WORK ITEM → Reproduce the full listing below exactly. Do not include the pictures.

== SUPPLIED RECORDS

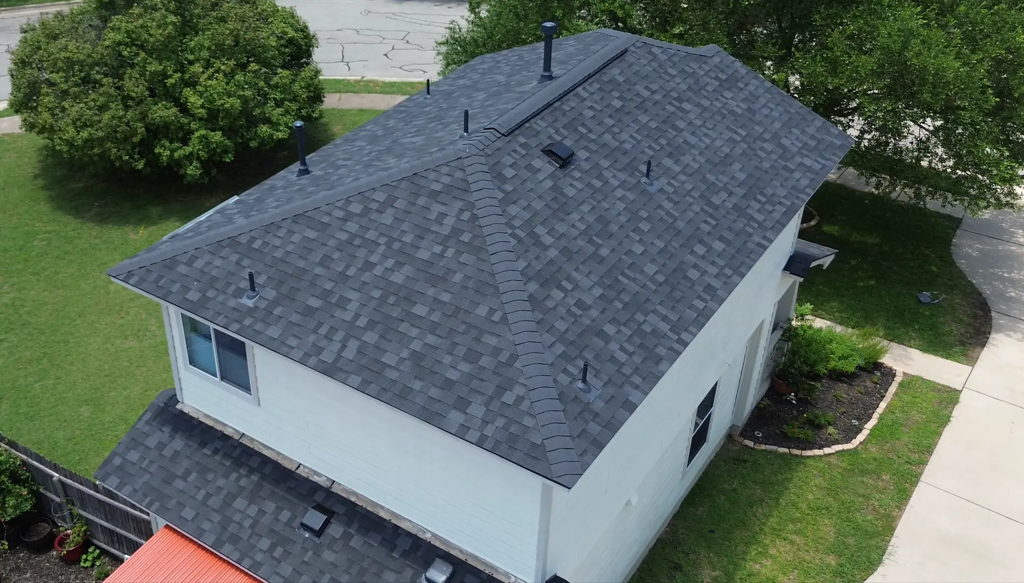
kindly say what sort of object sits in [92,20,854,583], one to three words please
house
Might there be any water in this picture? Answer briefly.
No
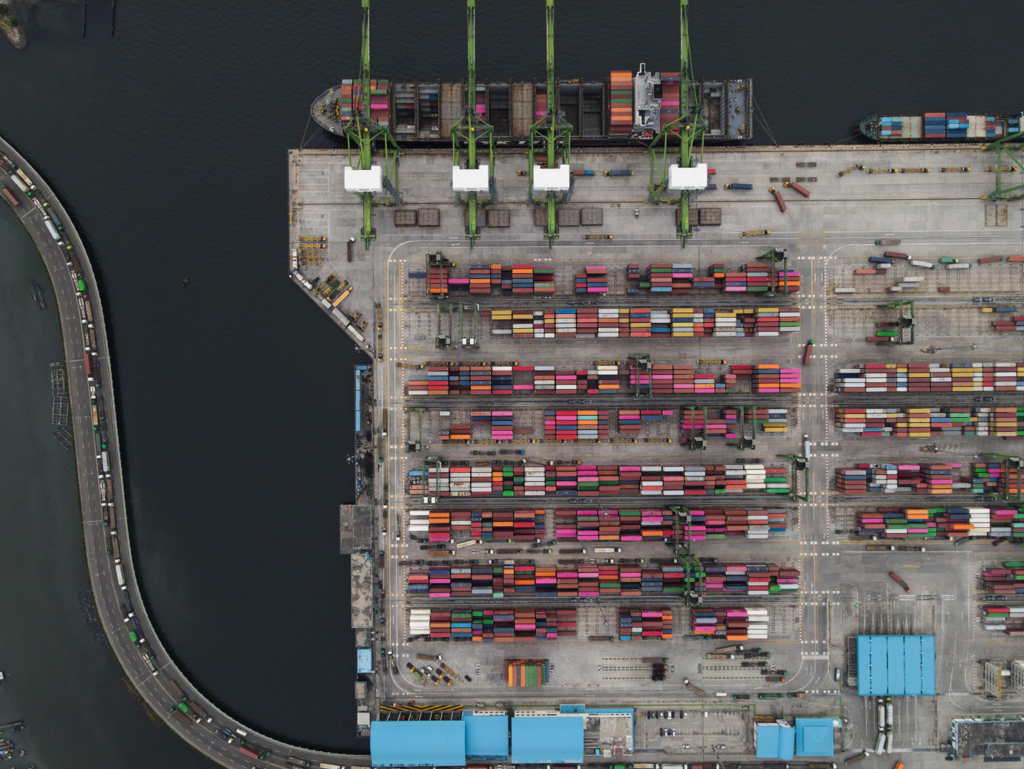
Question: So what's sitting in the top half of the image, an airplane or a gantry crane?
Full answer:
Looking in the top half of the image, you will find a gantry crane.
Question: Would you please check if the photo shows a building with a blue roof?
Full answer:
Yes, the frame does contain a building with a blue roof.
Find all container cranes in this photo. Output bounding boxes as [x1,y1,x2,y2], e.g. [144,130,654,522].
[447,0,503,251]
[977,452,1024,501]
[753,249,789,299]
[673,553,704,607]
[677,403,708,451]
[641,0,707,251]
[344,0,407,251]
[724,403,758,450]
[424,251,452,301]
[421,456,448,506]
[435,301,459,349]
[458,301,484,349]
[406,405,431,453]
[774,453,810,502]
[662,502,692,554]
[519,0,576,251]
[875,298,917,346]
[625,354,652,400]
[976,132,1024,205]
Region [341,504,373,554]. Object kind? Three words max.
building
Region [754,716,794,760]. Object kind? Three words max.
building
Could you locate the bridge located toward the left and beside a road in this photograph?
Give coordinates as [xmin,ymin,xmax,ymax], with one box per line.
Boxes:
[0,137,429,769]
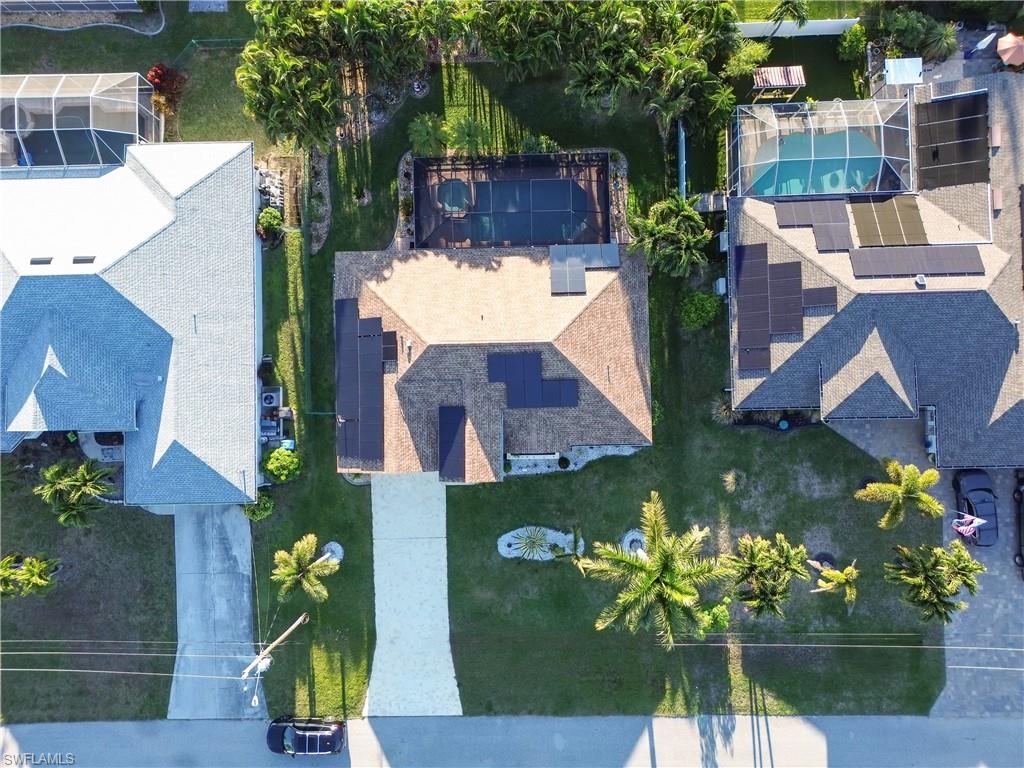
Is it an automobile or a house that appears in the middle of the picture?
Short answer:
house
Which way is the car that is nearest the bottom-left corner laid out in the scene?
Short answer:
horizontally
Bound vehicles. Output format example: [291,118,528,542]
[1012,478,1024,571]
[952,469,999,548]
[267,716,348,758]
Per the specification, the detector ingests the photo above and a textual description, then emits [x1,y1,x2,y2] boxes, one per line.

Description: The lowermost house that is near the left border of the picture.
[0,142,263,504]
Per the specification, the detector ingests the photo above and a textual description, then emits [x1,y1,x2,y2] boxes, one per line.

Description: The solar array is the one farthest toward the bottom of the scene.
[439,406,464,481]
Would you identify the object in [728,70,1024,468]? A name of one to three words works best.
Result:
house
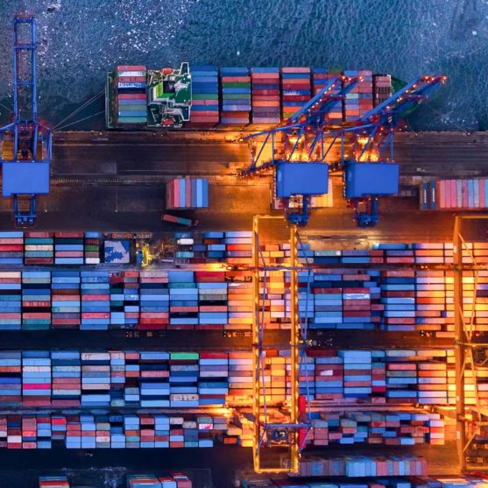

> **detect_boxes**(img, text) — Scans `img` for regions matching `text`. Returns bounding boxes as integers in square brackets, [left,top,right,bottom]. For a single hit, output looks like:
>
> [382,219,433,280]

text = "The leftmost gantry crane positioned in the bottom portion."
[229,217,314,475]
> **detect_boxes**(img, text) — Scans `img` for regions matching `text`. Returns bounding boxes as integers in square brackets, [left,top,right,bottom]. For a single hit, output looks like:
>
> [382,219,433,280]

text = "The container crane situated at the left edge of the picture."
[0,17,52,235]
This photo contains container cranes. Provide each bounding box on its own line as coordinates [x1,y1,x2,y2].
[229,217,314,475]
[300,75,447,235]
[0,17,52,235]
[421,217,488,475]
[233,75,366,235]
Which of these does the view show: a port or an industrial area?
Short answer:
port
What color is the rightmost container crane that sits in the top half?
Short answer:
blue
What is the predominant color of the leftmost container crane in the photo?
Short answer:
blue
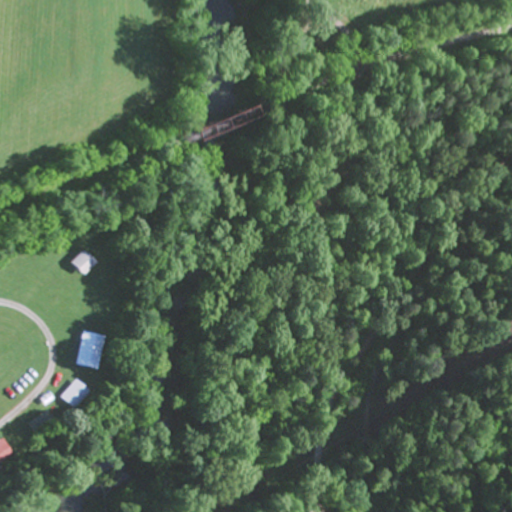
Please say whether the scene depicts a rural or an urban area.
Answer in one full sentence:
It looks rural.
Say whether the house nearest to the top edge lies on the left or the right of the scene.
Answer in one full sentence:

====

OUTPUT FOR THIS TASK →
kindly say what sort of object sits in [92,20,854,583], one to three words please
house
Might there be any water in this picture? Answer briefly.
No
Question: So what's sitting in the top half of the image, an airplane or a gantry crane?
Full answer:
Looking in the top half of the image, you will find a gantry crane.
Question: Would you please check if the photo shows a building with a blue roof?
Full answer:
Yes, the frame does contain a building with a blue roof.
Find all container cranes in this photo. Output bounding boxes as [x1,y1,x2,y2], e.g. [144,130,654,522].
[447,0,503,251]
[977,452,1024,501]
[753,249,789,299]
[673,553,704,607]
[677,403,708,451]
[641,0,707,251]
[344,0,407,251]
[724,403,758,450]
[424,251,452,301]
[421,456,448,506]
[435,301,459,349]
[458,301,484,349]
[406,405,431,453]
[774,453,810,502]
[662,502,692,554]
[519,0,576,251]
[875,298,917,346]
[625,354,652,400]
[976,132,1024,205]
Region [341,504,373,554]. Object kind? Three words max.
building
Region [754,716,794,760]. Object kind? Three words max.
building
Could you locate the bridge located toward the left and beside a road in this photograph?
Give coordinates as [xmin,ymin,xmax,ymax], with one box per line.
Boxes:
[0,137,429,769]
Is it an automobile or a house that appears in the middle of the picture?
Short answer:
house
Which way is the car that is nearest the bottom-left corner laid out in the scene?
Short answer:
horizontally
Bound vehicles. Output format example: [291,118,528,542]
[1012,478,1024,571]
[952,469,999,548]
[267,716,348,758]
Per the specification, the detector ingests the photo above and a textual description, then emits [x1,y1,x2,y2] boxes, one per line.

Description: The lowermost house that is near the left border of the picture.
[0,142,263,504]
Per the specification, the detector ingests the photo above and a textual description, then emits [x1,y1,x2,y2] boxes, one per line.

Description: The solar array is the one farthest toward the bottom of the scene.
[439,406,464,481]
Would you identify the object in [728,70,1024,468]? A name of one to three words works best.
Result:
house

> **detect_boxes**(img, text) — Scans `img` for regions matching `text`. Returns bounding boxes as integers in square brackets, [left,top,right,bottom]. For a single hit, output looks like:
>
> [382,219,433,280]

text = "The leftmost gantry crane positioned in the bottom portion."
[229,217,314,475]
> **detect_boxes**(img, text) — Scans `img` for regions matching `text`. Returns bounding boxes as integers in square brackets, [left,top,right,bottom]. For a single hit, output looks like:
>
> [382,219,433,280]

text = "The container crane situated at the left edge of the picture."
[0,17,52,235]
This photo contains container cranes. Provide each bounding box on its own line as coordinates [x1,y1,x2,y2].
[229,217,314,475]
[300,75,447,235]
[0,17,52,235]
[421,217,488,475]
[233,75,366,235]
Which of these does the view show: a port or an industrial area?
Short answer:
port
What color is the rightmost container crane that sits in the top half?
Short answer:
blue
What is the predominant color of the leftmost container crane in the photo?
Short answer:
blue
Please say whether the scene depicts a rural or an urban area.
Answer in one full sentence:
It looks rural.
Say whether the house nearest to the top edge lies on the left or the right of the scene.
Answer in one full sentence:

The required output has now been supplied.